PORT ORCHARD – The first meeting of a new group of local elected officials, community representatives and health care officials took place Wednesday afternoon to discuss the holes in the fabric of Kitsap’s health care system generated a daunting list of needs, problems and challenges.

The large group, gathered by Kitsap County Commissioner Rob Gelder and now set to meet every few months, opened with discussion ranging across a variety of local and broader health care topics like the need for more staff and services.

Said Dr. Gib Morrow, health officer for the Kitsap Public Health District: “What’s become apparent to me is that there isn’t any one single entity that’s responsible for ensuring that the complete continuum of health care works in any given community and that we’ve really kind of left this up really to market forces in a marketplace that doesn’t play by any of the market rules that most other marketplaces use.”

In December, the health district opened up a request for proposals with the goal of finding a consultant to study Kitsap’s health care landscape, identify problems and recommend fixes. Responses to that process are due on Tuesday.

Mentioned on Wednesday: the lack of obstetrical services, secular health care choices, primary care, urgent care and emergency room options, as well as the need for more care facilities, hospice care and dialysis options. One topic that has garnered some interest in the community is the formation of a public hospital district, a taxing district that can be used to subsidize or operate a range of health care services, and Gelder broached the idea as one topic of conversation.
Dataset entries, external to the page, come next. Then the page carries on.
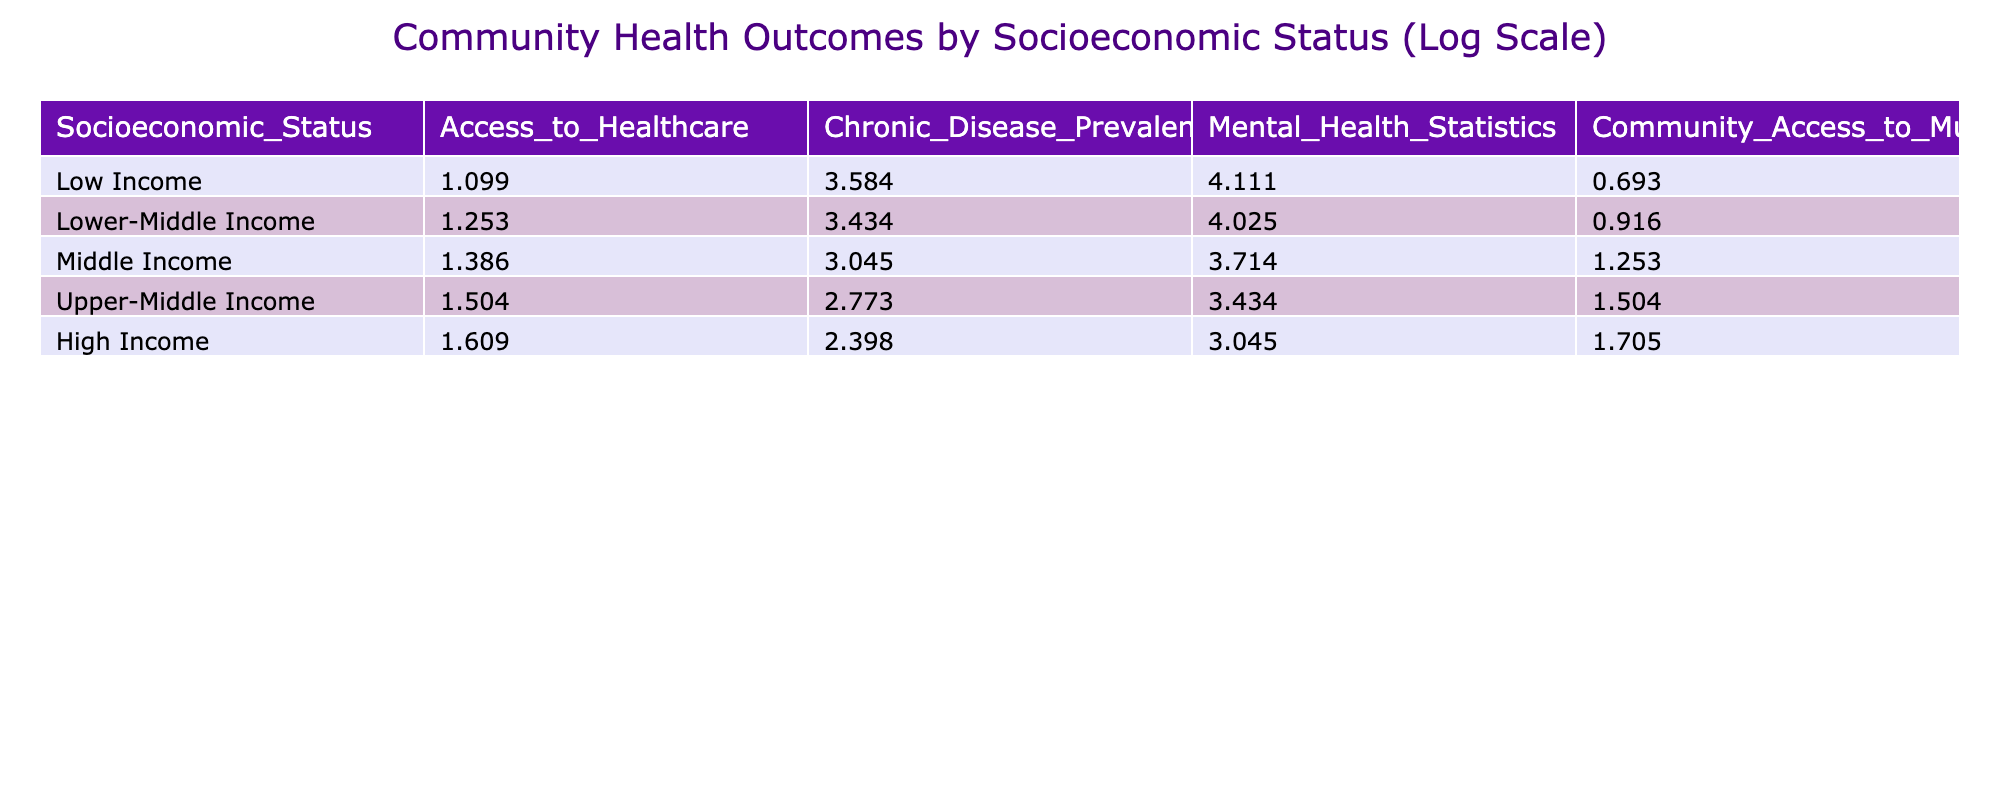What is the Access to Healthcare value for High Income? The Access to Healthcare value for High Income is found in the corresponding row under that category. It shows a value of 4.0.
Answer: 4.0 What is the difference in Chronic Disease Prevalence between Low Income and High Income? To find the difference, we identify the values for Chronic Disease Prevalence: Low Income is 35.0 and High Income is 10.0. The difference is calculated as 35.0 - 10.0 = 25.0.
Answer: 25.0 Is the Mental Health Statistics value for Upper-Middle Income higher than that for Lower-Middle Income? Comparing the values, Upper-Middle Income shows a Mental Health Statistics value of 30.0 while Lower-Middle Income shows 55.0. Since 30.0 is less than 55.0, the statement is false.
Answer: No What is the average Community Access to Music Events for Middle Income and Upper-Middle Income? For Middle Income, the Community Access to Music Events value is 2.5, and for Upper-Middle Income, it is 3.5. The average is found by adding these values (2.5 + 3.5) and dividing by 2, which gives (6.0 / 2) = 3.0.
Answer: 3.0 Which socioeconomic status has the highest value for Community Access to Music Events? Looking through the Community Access to Music Events column, High Income has the highest value of 4.5, compared to other categories.
Answer: High Income How does the Access to Healthcare for Lower-Middle Income compare with that for Middle Income? The Access to Healthcare value for Lower-Middle Income is 2.5, while for Middle Income, it is 3.0. Middle Income provides better access, so the difference is 3.0 - 2.5 = 0.5.
Answer: Middle Income has better access by 0.5 Does having a higher income correlate with a lower Chronic Disease Prevalence? By examining the Chronic Disease Prevalence values, we notice that as income increases (from Low Income to High Income), the Chronic Disease Prevalence decreases from 35.0 to 10.0. This suggests a correlation.
Answer: Yes What is the sum of Access to Healthcare values for all income groups? We find the Access to Healthcare values: 2.0 (Low Income) + 2.5 (Lower-Middle Income) + 3.0 (Middle Income) + 3.5 (Upper-Middle Income) + 4.0 (High Income). The total sum is (2.0 + 2.5 + 3.0 + 3.5 + 4.0) = 15.0.
Answer: 15.0

WE WANT TO HEAR FROM YOU:Where is Kitsap County's health care system falling short?

An exam room at St. Michael Medical Center's Medical Pavilion for expanded on-campus specialty care, in Silverdale on Wednesday, April 21, 2021.
An exam room at St. Michael Medical Center's Medical Pavilion for expanded on-campus specialty care, in Silverdale on Wednesday, April 21, 2021.

Poulsbo Mayor Becky Erickson described the work ahead as a decade-long process: “In my mind, it’s almost like rebuilding an ecosystem,” she said. “Funding is always important, but there’s so many layers to it. We’re talking about labor shortages, we’re talking about reimbursement rates, we’re talking about regulatory barriers. The list is really huge, and it’s one of the reasons why the survey is so important, it gives us a place to start.”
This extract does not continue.